There's nothing magic about something like https://fsharpforfunandprofit.com/rop/ either. Just plain old functions and values written in the language (that talk literally gives the definitions of all the types and functions it uses, written in plain old F# code). You need functions as values, but everyone agrees that's a good idea anyway, and you need proper sum types, but you need those anyway if you're ever going to be able to model a domain properly.

> The point of Go's error handling is that it isn't magic.

The problem is first, that sum types are also not magic. There is nothing special about the error type or value in a `Either<T, Err>`. Go's type system is just too crappy to make such things, or make good use of them even after you tried to shove them into an interface{}.

The second problem is that Go's error values, like every error handling system that pretends it doesn't need sum types, have picked up more magic (%w) or impacted the usability of other interfaces (context.Err, separate error channels) bit by bit.

The downside I see with go's error handling is that you can forget to check. With rust, if the function being called returns Result, you have to deal with the error (even if dealing with it just means propagating it out). Missing error handling is such a common source of bugs that go really turns me off here.

> you can forget to check

Linters can help with this.

Specifically for this issue, linters also have many false positives.

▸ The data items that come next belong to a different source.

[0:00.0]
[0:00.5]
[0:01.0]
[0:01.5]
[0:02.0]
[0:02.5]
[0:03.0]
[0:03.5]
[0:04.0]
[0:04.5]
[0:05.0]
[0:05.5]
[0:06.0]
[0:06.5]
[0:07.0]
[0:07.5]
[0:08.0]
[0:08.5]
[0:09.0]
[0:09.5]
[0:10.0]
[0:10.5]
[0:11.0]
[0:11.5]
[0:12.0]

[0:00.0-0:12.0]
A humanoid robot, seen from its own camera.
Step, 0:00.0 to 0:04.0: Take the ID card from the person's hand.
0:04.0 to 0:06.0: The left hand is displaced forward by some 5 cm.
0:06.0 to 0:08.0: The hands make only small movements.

Some Go libraries trying to encourage a fluent style will accept an error for some logic also return it, so you can `return x.HandleError(err)` - but if you don't want to return it, you obviously don't care it returns what you just passed it. (I personally consider fluent methods a bad idiom in Go, but I also don't get to write all the Go code in the world or even in my project.)

There are also a lot of functions that return errors because Go's type system demands that if the interface returns two values `T, error`, every implementation must also - it won't auto-create a nil value for the second result. That's reasonable if you are committed to errors just being normal values. But such a restriction would not be necessary if the interface could be declared with a sum type - promotion of a `T` to a `Either<T, ...>` or `Just T` or so on would be fine for all types, not just error handling . Lots of infallible Writer implementations like bytes.Buffer and hash.Hasher suffer from this, and linters can't be aware of all such cases.

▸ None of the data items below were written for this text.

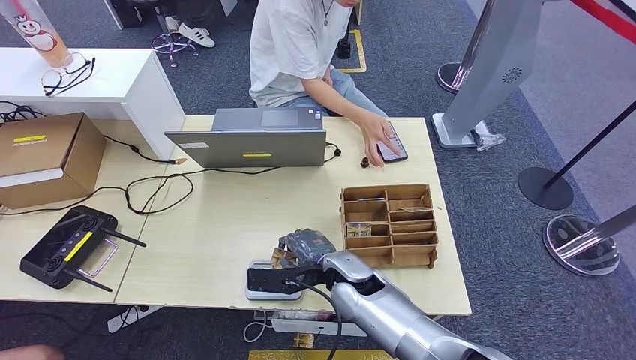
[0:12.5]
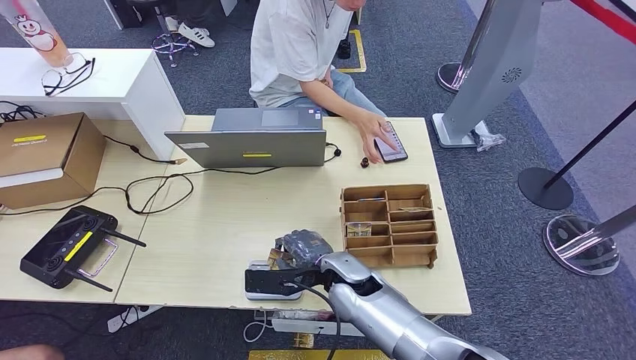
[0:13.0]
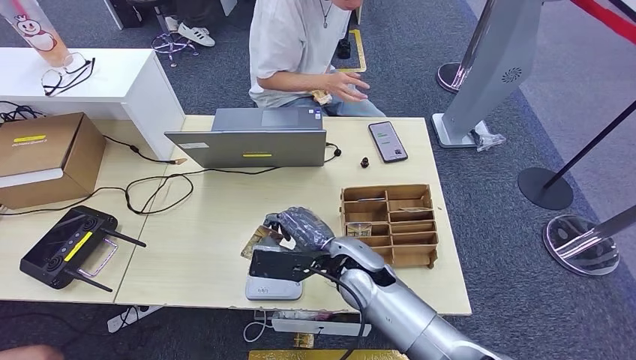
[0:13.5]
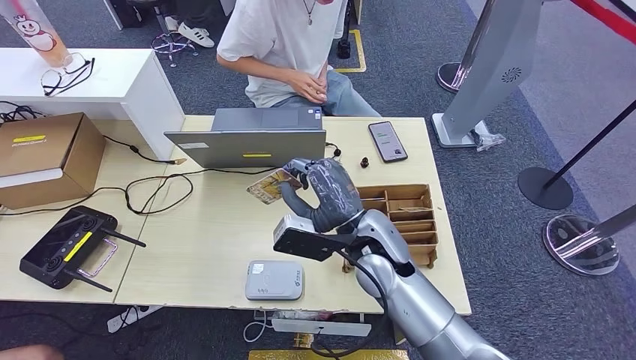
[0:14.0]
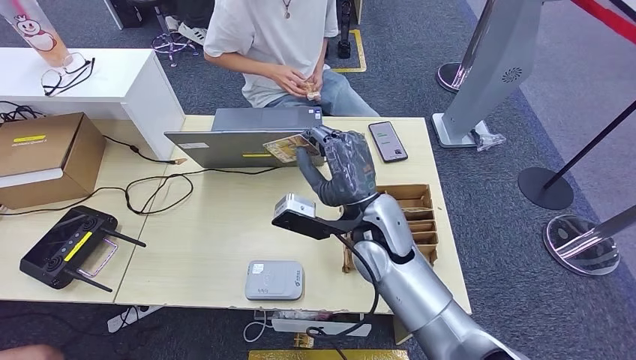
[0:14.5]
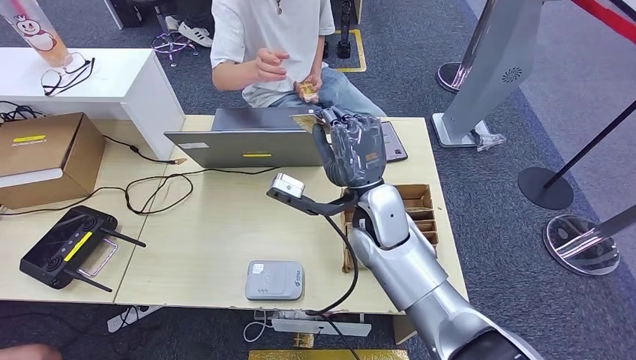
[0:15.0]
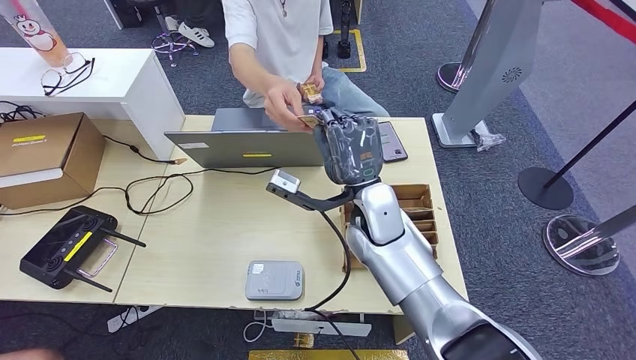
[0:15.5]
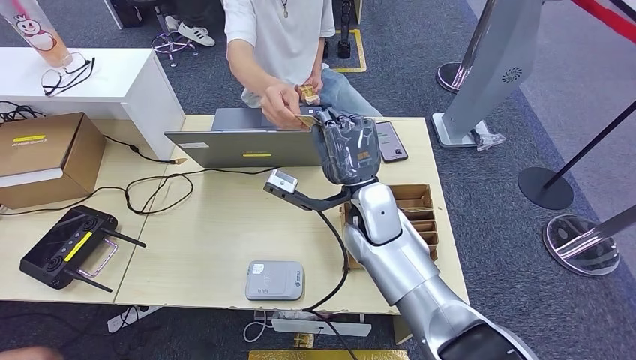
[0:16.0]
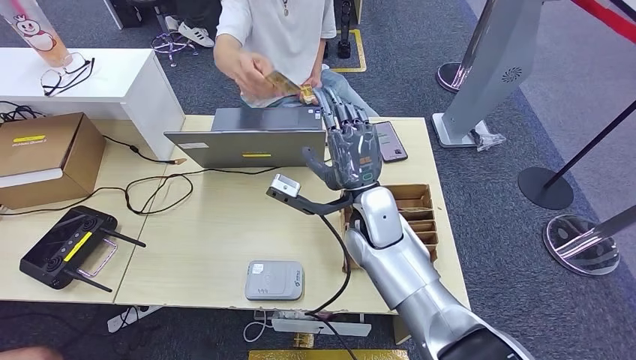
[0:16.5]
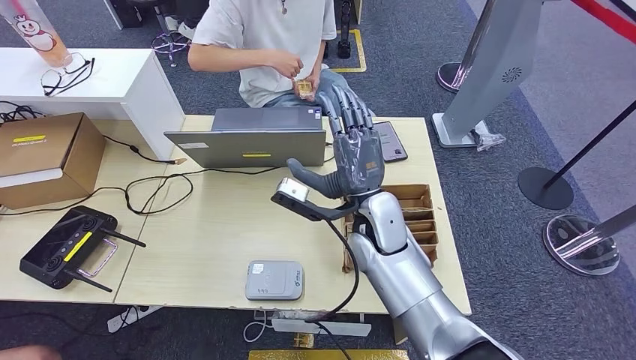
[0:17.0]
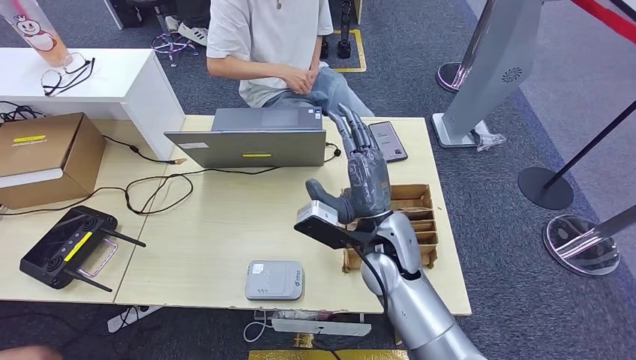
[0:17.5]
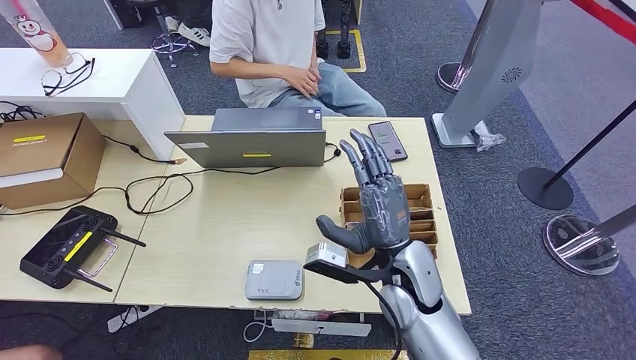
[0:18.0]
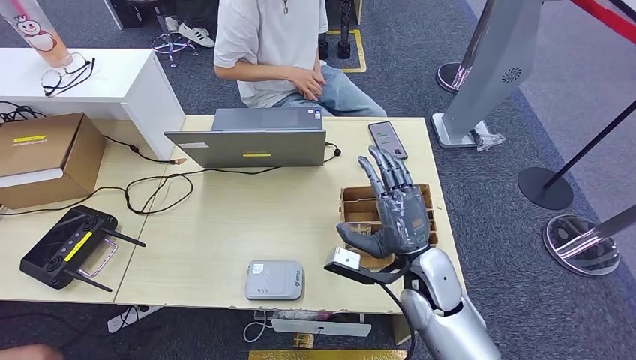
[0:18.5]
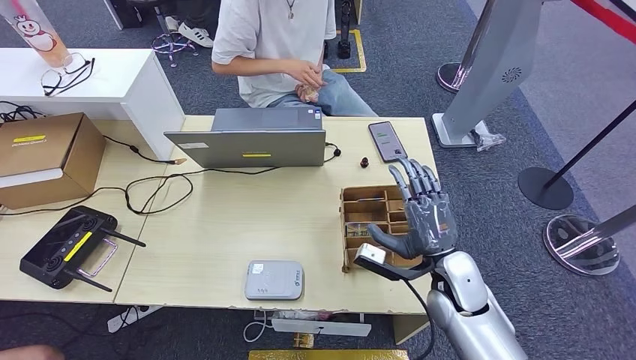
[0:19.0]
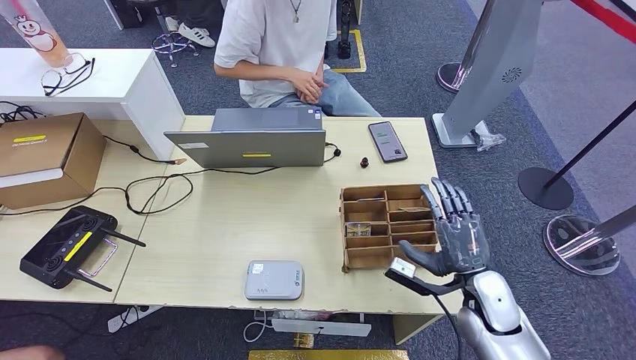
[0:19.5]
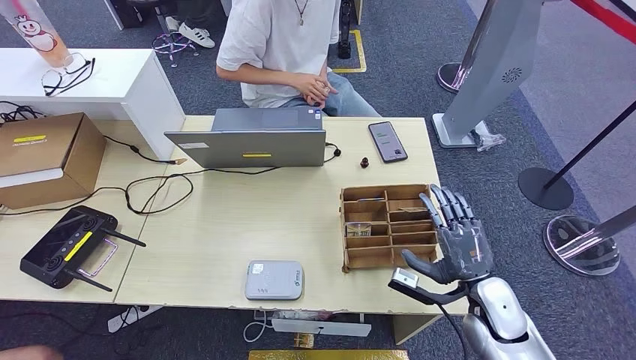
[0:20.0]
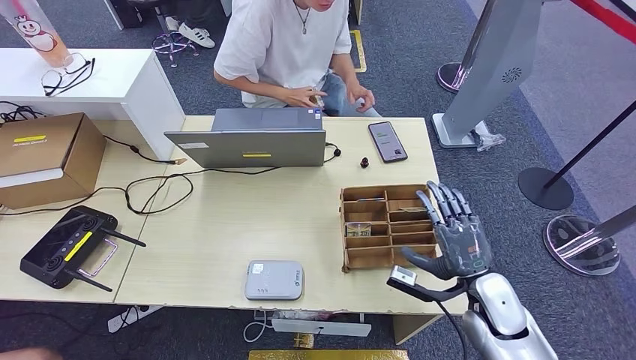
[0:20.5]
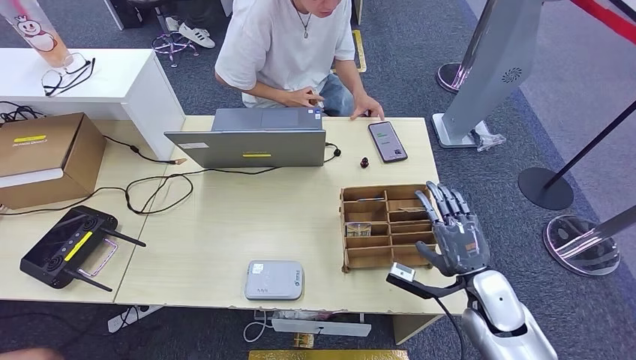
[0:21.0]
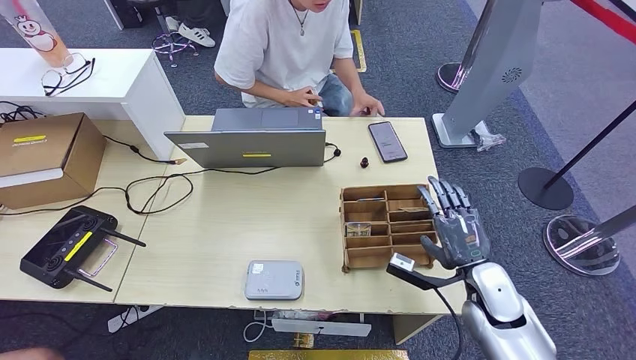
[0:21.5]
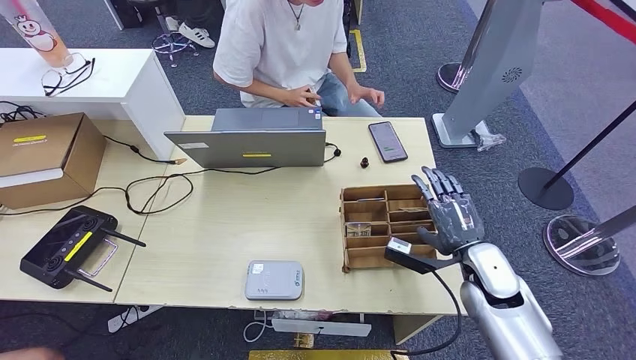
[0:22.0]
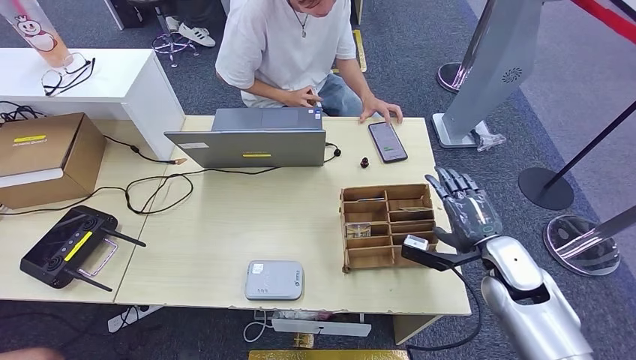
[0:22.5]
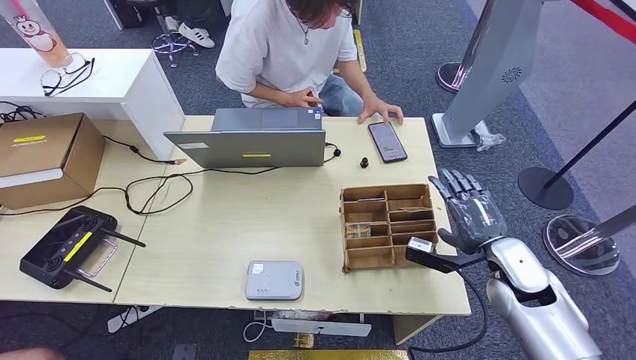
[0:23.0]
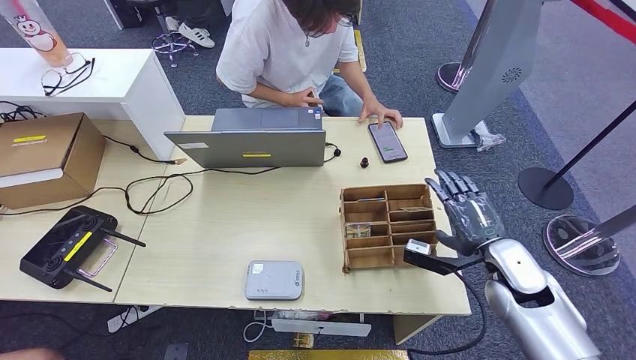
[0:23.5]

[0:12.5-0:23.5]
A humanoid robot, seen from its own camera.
Step, 0:13.0 to 0:16.5: Hand the ID card to the person.
0:12.5 to 0:14.5: The right hand is displaced upward by some 10 cm.
0:16.0 to 0:18.0: The right hand shifts approximately 10 cm backward.
0:18.0 to 0:20.0: The right hand heads to the right and downward, covering approximately 20 cm.
0:20.0 to 0:21.5: The hands make only small movements.
0:21.5 to 0:23.5: The right hand shifts by roughly 5 cm.

Sure, but given a choice, I'd rather work with primitives that are correct-by-construction, not correct-if-I-use-an-extra-tool-and-actually-act-on-its-advice.

If you do use a linter and have it set up so linter issues are fatal to the build, then you run into the issue that if the linter throws false positives, you have to add exclusion rules (if the linter even supports that) or downgrade linter issues back to warnings, and lose the benefit entirely.

One aspect of go error handling that still really bothers me is how easy it is to accidentally drop an error on the floor.

If you strap all the linters you can find onto your build system, you can catch the most obvious cases. But I still frequently find mishandled errors that sneak past the linters in ways that can't be solved without restricting the way devs use the language.

By making error handling something you have to deal with every time you call a function, you massively increase the number of opportunities you have for screwing it up.

I would love something like rusts ? Operator for go. You could choose to not use it when you need special handling. But it would be rare and exciting and developers would use it with care.